### DIRECTIONS FOR THIS TASK
After locating the line that bears "For example (dummy", restate word for word that line and the rest of the listing to its final line, excluding all pictures.

### GIVEN DATA
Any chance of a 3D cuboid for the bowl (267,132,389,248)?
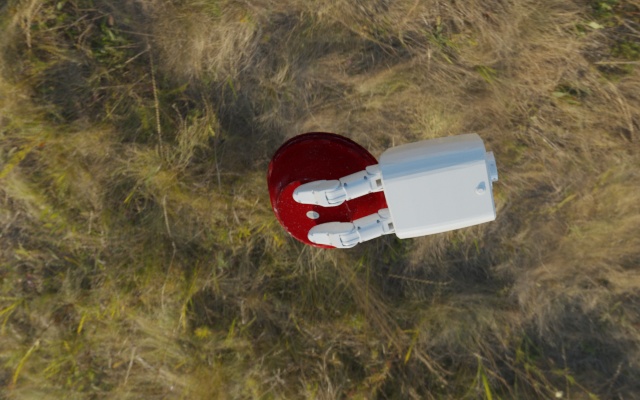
[{"bbox_3d":[-0.001,0.003,0.575,0.162,0.162,0.055,0,30,21],"label":"bowl"}]
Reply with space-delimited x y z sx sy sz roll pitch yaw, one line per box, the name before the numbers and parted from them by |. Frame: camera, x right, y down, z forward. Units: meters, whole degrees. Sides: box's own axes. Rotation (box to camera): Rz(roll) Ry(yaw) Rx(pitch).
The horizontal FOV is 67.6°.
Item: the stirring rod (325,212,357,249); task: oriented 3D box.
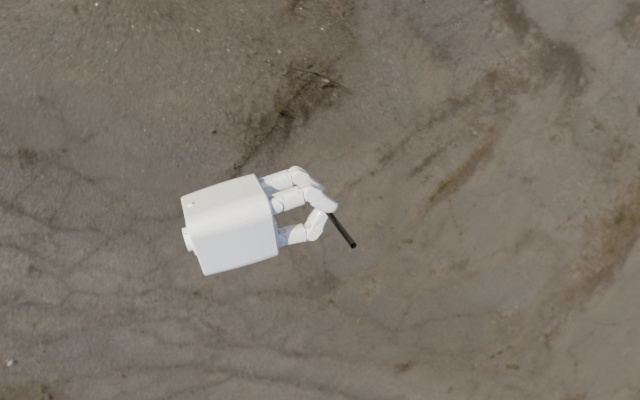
stirring rod | 0.000 0.002 0.679 0.011 0.011 0.239 0 26 -22
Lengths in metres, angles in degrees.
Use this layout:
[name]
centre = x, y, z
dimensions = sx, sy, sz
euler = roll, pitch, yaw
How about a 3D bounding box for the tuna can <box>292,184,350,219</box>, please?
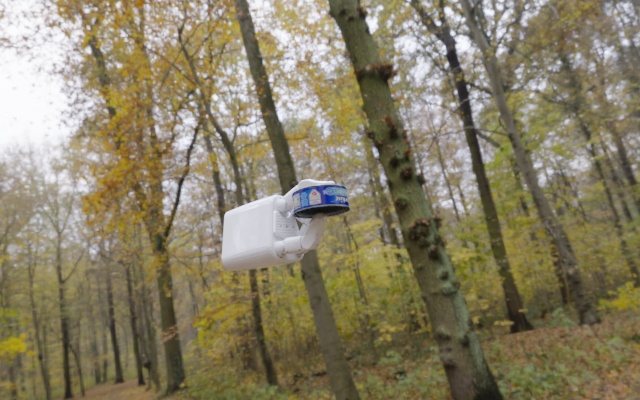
[tuna can]
centre = 0.000, 0.002, 0.718
dimensions = 0.086, 0.033, 0.086
euler = -6, -12, -1
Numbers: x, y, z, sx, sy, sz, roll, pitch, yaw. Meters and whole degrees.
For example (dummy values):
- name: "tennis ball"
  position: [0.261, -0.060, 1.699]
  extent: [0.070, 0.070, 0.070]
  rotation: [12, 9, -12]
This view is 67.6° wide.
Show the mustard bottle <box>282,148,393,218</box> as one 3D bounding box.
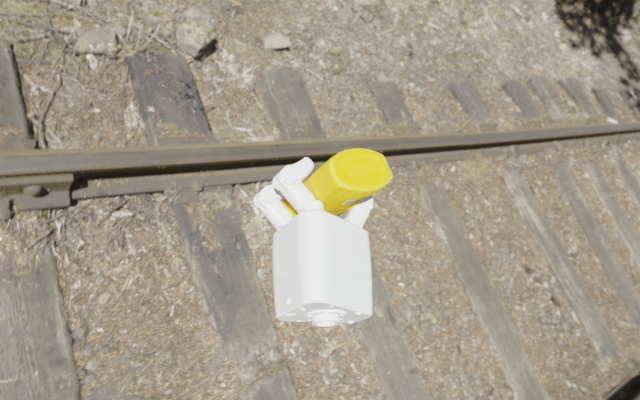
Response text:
- name: "mustard bottle"
  position: [0.000, 0.002, 0.621]
  extent: [0.096, 0.058, 0.192]
  rotation: [-13, -16, -39]
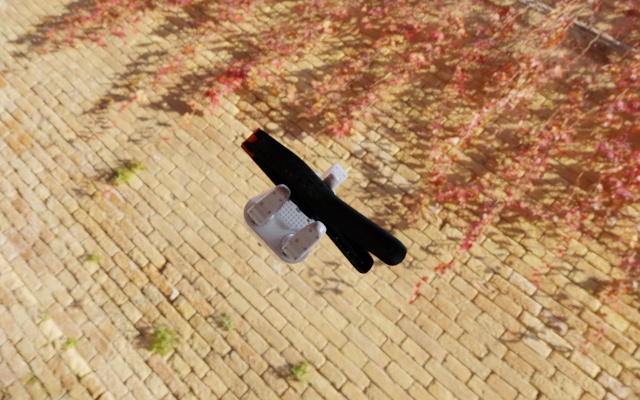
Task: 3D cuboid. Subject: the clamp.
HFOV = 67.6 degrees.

### RESULT FOR THIS EXERCISE
For example (dummy values):
- name: "tennis ball"
  position: [0.261, -0.060, 1.699]
  extent: [0.070, 0.070, 0.070]
  rotation: [12, 9, -12]
This view is 67.6° wide.
Show the mustard bottle <box>282,148,393,218</box> as one 3D bounding box.
Response text:
- name: "mustard bottle"
  position: [0.000, 0.002, 0.621]
  extent: [0.096, 0.058, 0.192]
  rotation: [-13, -16, -39]
Task: 3D cuboid. Subject: the clamp.
HFOV = 67.6 degrees.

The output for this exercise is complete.